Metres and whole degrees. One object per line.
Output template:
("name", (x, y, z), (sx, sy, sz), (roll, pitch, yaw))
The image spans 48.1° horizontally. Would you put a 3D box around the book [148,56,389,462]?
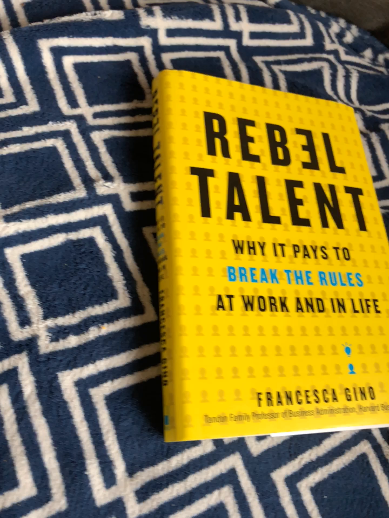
("book", (0.060, -0.010, 0.275), (0.167, 0.032, 0.237), (4, 66, -20))
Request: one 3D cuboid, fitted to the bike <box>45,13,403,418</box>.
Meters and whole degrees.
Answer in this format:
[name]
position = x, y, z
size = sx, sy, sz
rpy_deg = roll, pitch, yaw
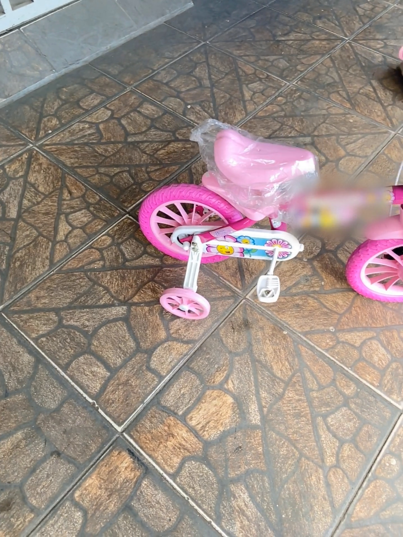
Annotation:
[bike]
position = 0.215, -0.100, 0.907
size = 0.792, 0.563, 0.513
rpy_deg = 10, 55, 7
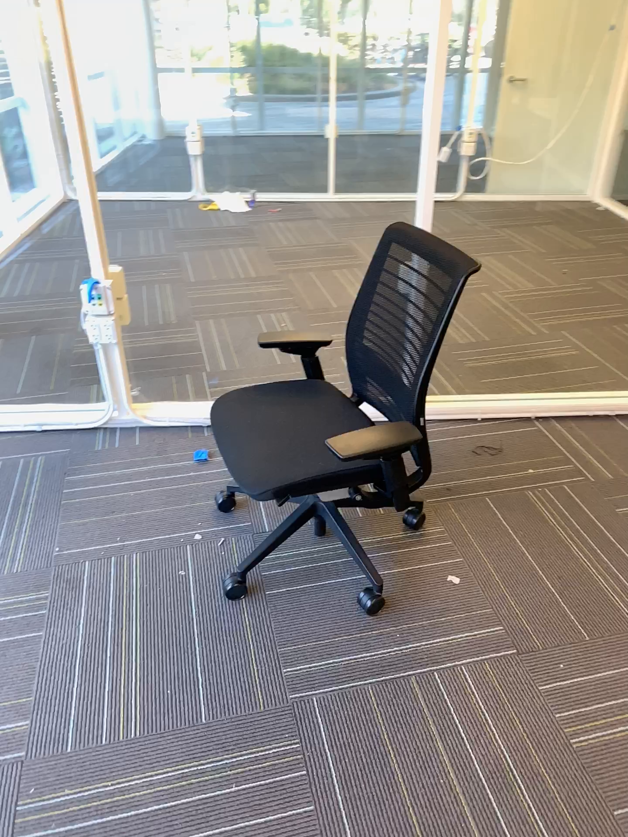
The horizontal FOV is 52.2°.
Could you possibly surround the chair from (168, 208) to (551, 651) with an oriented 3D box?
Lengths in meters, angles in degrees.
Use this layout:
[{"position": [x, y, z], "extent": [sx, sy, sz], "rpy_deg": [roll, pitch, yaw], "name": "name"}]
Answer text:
[{"position": [0.047, -0.019, 1.749], "extent": [0.710, 0.874, 0.694], "rpy_deg": [-9, 33, -14], "name": "chair"}]
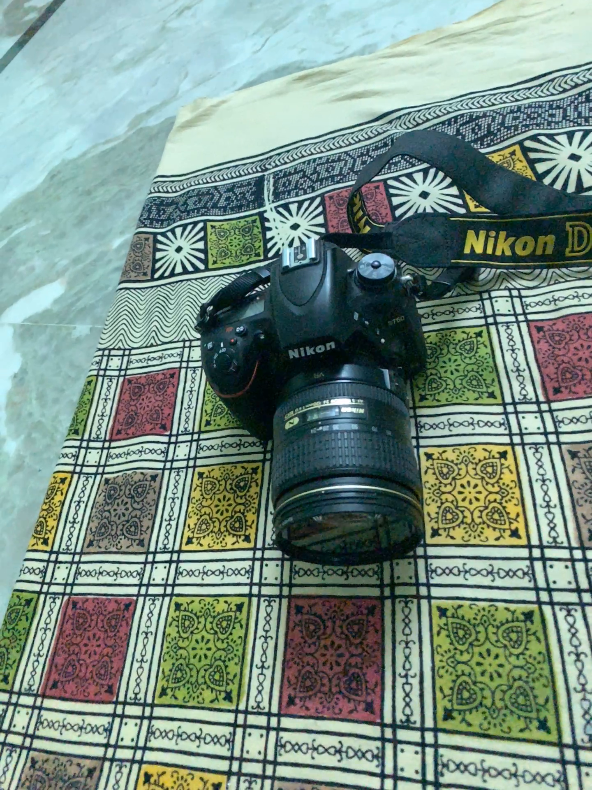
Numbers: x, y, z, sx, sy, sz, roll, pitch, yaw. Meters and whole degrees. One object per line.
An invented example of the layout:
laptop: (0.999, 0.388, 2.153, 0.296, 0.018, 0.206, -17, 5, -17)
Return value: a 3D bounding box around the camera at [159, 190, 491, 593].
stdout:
camera: (0.020, -0.002, 0.357, 0.140, 0.100, 0.190, -12, 52, 17)
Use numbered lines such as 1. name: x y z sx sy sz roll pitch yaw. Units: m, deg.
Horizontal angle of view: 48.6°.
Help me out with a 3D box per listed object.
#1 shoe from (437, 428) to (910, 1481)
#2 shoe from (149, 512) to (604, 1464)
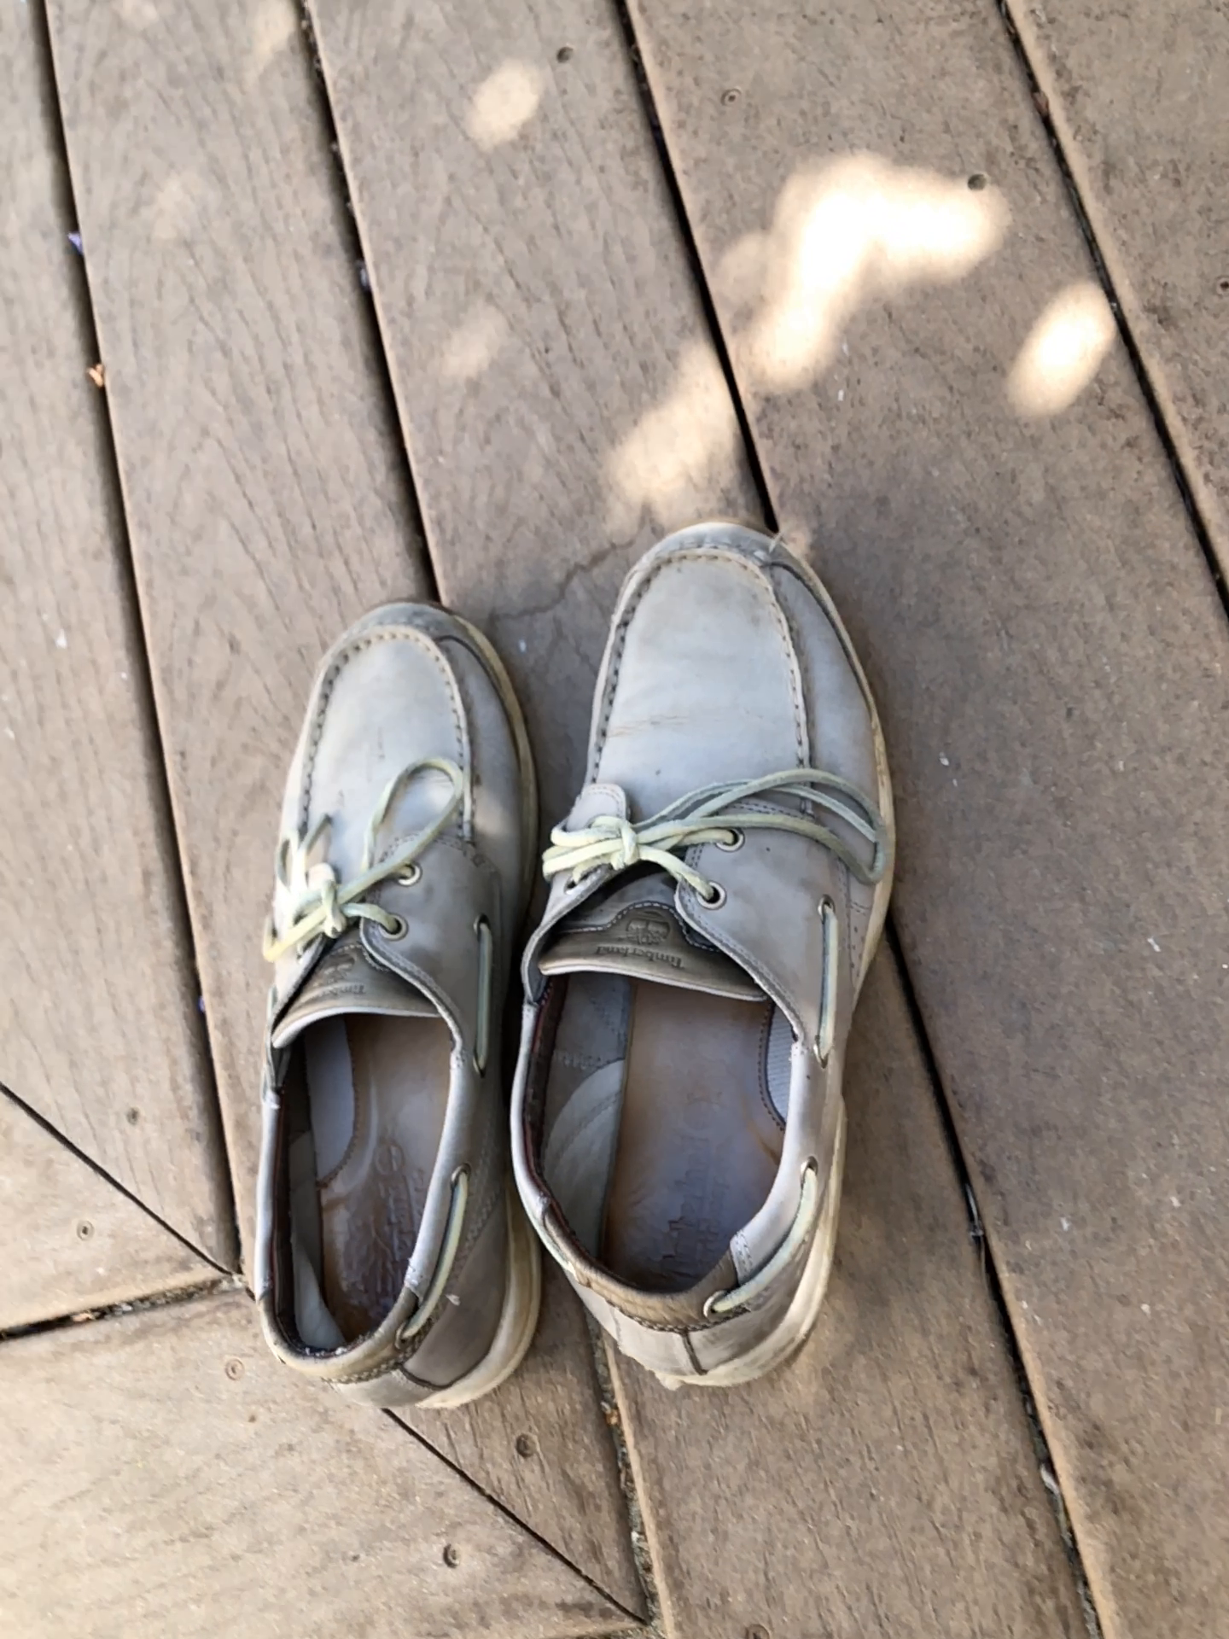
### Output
1. shoe: 0.029 0.038 0.469 0.122 0.098 0.312 0 79 20
2. shoe: -0.090 0.060 0.508 0.119 0.096 0.310 -10 76 18

· · · ·

▸ **EXERCISE BRIEF**
Since the pictures are not wanted, write out the rest of the data exactly as it reads.

▸ **ANSWER SECTION**
Metres and whole degrees. One object per line.
Output template:
("name", (x, y, z), (sx, sy, sz), (roll, pitch, yaw))
The image spans 48.1° horizontally. Would you put a 3D box around the book [148,56,389,462]?
("book", (0.060, -0.010, 0.275), (0.167, 0.032, 0.237), (4, 66, -20))
Request: one 3D cuboid, fitted to the bike <box>45,13,403,418</box>.
Meters and whole degrees.
Answer in this format:
[name]
position = x, y, z
size = sx, sy, sz
rpy_deg = roll, pitch, yaw
Annotation:
[bike]
position = 0.215, -0.100, 0.907
size = 0.792, 0.563, 0.513
rpy_deg = 10, 55, 7
The horizontal FOV is 52.2°.
Could you possibly surround the chair from (168, 208) to (551, 651) with an oriented 3D box?
Lengths in meters, angles in degrees.
Use this layout:
[{"position": [x, y, z], "extent": [sx, sy, sz], "rpy_deg": [roll, pitch, yaw], "name": "name"}]
Answer text:
[{"position": [0.047, -0.019, 1.749], "extent": [0.710, 0.874, 0.694], "rpy_deg": [-9, 33, -14], "name": "chair"}]
Numbers: x, y, z, sx, sy, sz, roll, pitch, yaw. Meters and whole degrees. One object per line.
An invented example of the layout:
laptop: (0.999, 0.388, 2.153, 0.296, 0.018, 0.206, -17, 5, -17)
Return value: a 3D bounding box around the camera at [159, 190, 491, 593].
stdout:
camera: (0.020, -0.002, 0.357, 0.140, 0.100, 0.190, -12, 52, 17)
Use numbered lines such as 1. name: x y z sx sy sz roll pitch yaw. Units: m, deg.
Horizontal angle of view: 48.6°.
Help me out with a 3D box per listed object.
#1 shoe from (437, 428) to (910, 1481)
#2 shoe from (149, 512) to (604, 1464)
### Output
1. shoe: 0.029 0.038 0.469 0.122 0.098 0.312 0 79 20
2. shoe: -0.090 0.060 0.508 0.119 0.096 0.310 -10 76 18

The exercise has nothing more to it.